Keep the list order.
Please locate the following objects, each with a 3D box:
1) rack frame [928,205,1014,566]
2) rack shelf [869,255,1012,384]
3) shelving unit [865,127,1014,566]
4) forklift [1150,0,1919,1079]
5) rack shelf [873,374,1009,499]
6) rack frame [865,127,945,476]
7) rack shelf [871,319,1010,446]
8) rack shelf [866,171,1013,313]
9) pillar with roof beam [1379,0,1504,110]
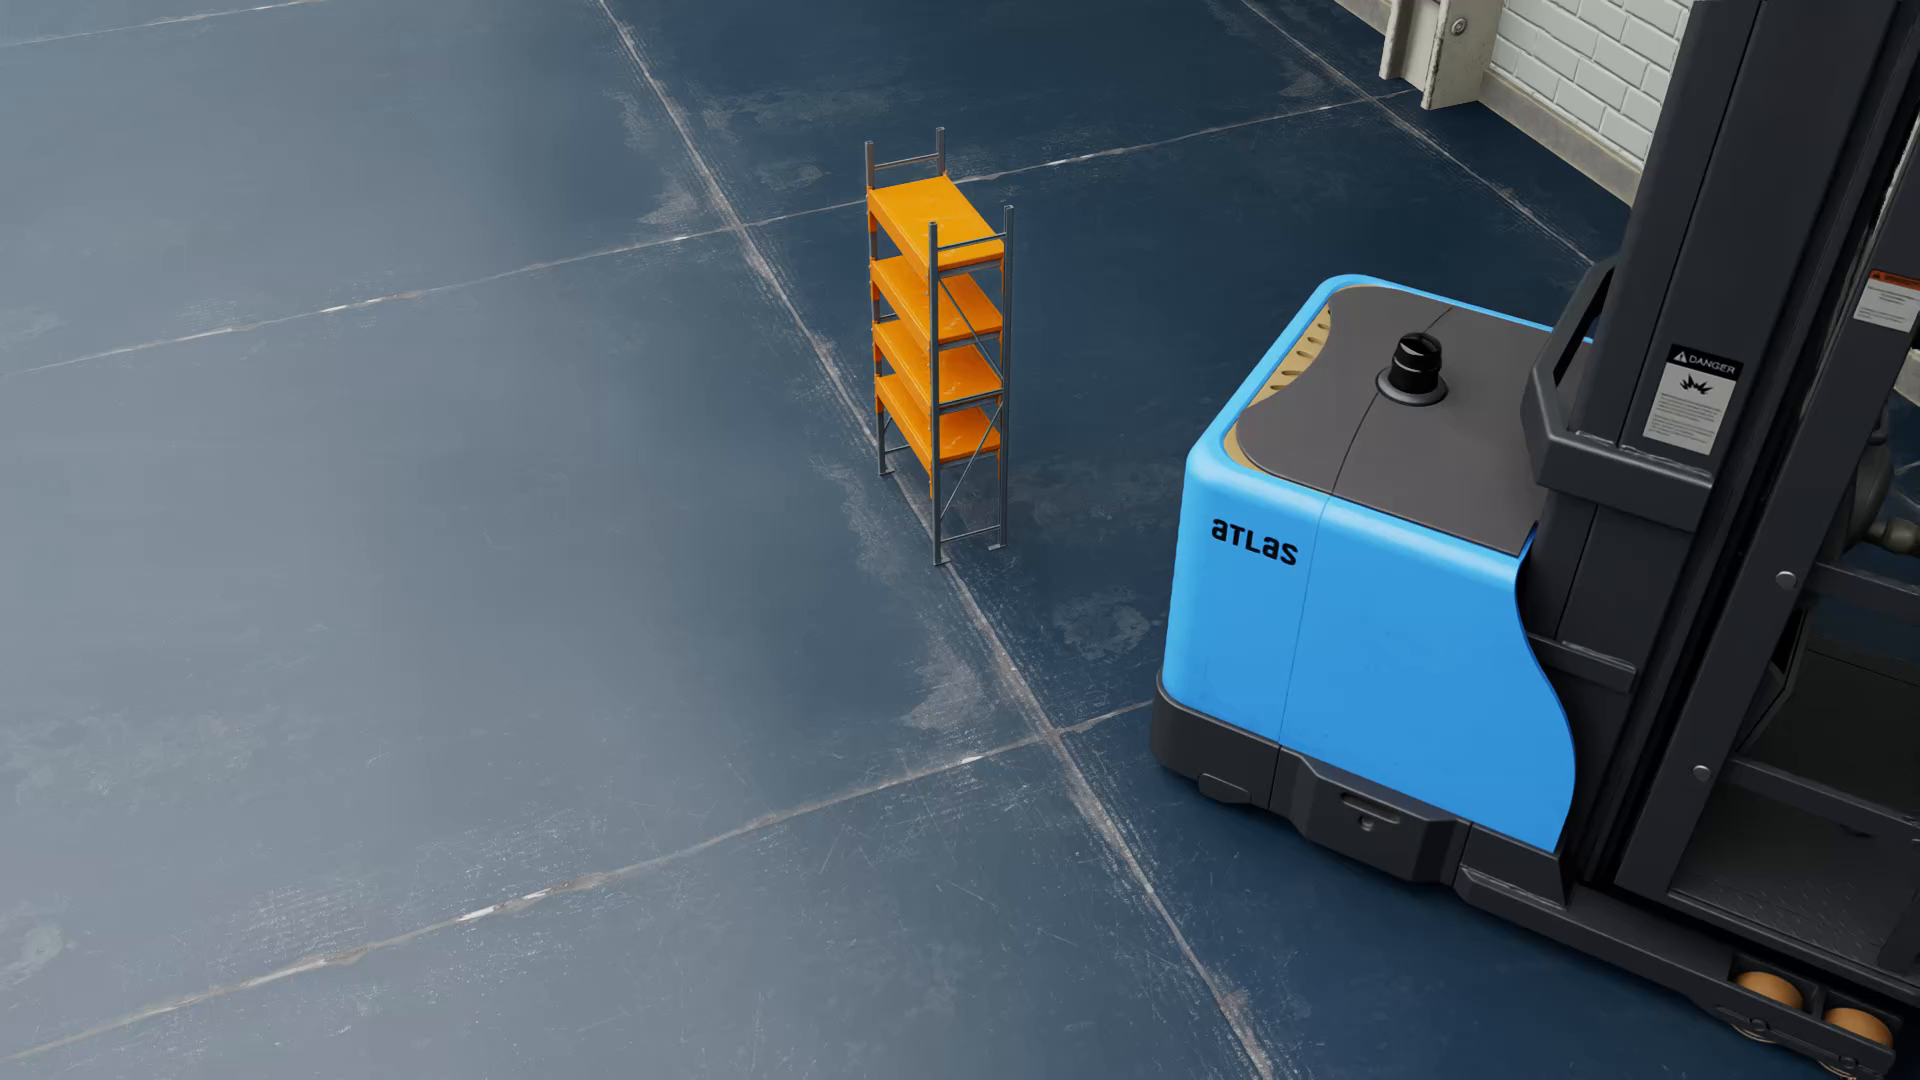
[{"bbox_3d":[0.030,-0.408,4.804,0.240,1.200,0.015,-15,43,-17],"label":"rack frame"},{"bbox_3d":[-0.063,-0.673,4.873,0.258,0.148,0.480,-15,43,-17],"label":"rack shelf"},{"bbox_3d":[-0.063,-0.555,4.975,0.258,1.200,0.503,-15,43,-17],"label":"shelving unit"},{"bbox_3d":[2.046,-0.276,3.323,3.031,2.935,1.130,21,45,22],"label":"forklift"},{"bbox_3d":[-0.063,-0.353,5.148,0.258,0.148,0.480,-15,43,-17],"label":"rack shelf"},{"bbox_3d":[-0.157,-0.702,5.146,0.240,1.200,0.015,-15,43,-17],"label":"rack frame"},{"bbox_3d":[-0.063,-0.504,5.019,0.258,0.148,0.480,-15,43,-17],"label":"rack shelf"},{"bbox_3d":[-0.063,-0.853,4.719,0.258,0.148,0.480,-15,43,-17],"label":"rack shelf"},{"bbox_3d":[-1.803,-4.434,3.505,9.100,9.000,0.400,-15,43,-17],"label":"pillar with roof beam"}]
━━━━━━━━━━━━━━━━━━━━━━━━━━━━━━
**WORK TO BE COMPLETED:**
Copy only this part of the entries above: the line with "2) rack shelf [869,255,1012,384]", the line with "8) rack shelf [866,171,1013,313]", and the lines between, all exactly as written.

**OUTPUT OF THE EXERCISE:**
2) rack shelf [869,255,1012,384]
3) shelving unit [865,127,1014,566]
4) forklift [1150,0,1919,1079]
5) rack shelf [873,374,1009,499]
6) rack frame [865,127,945,476]
7) rack shelf [871,319,1010,446]
8) rack shelf [866,171,1013,313]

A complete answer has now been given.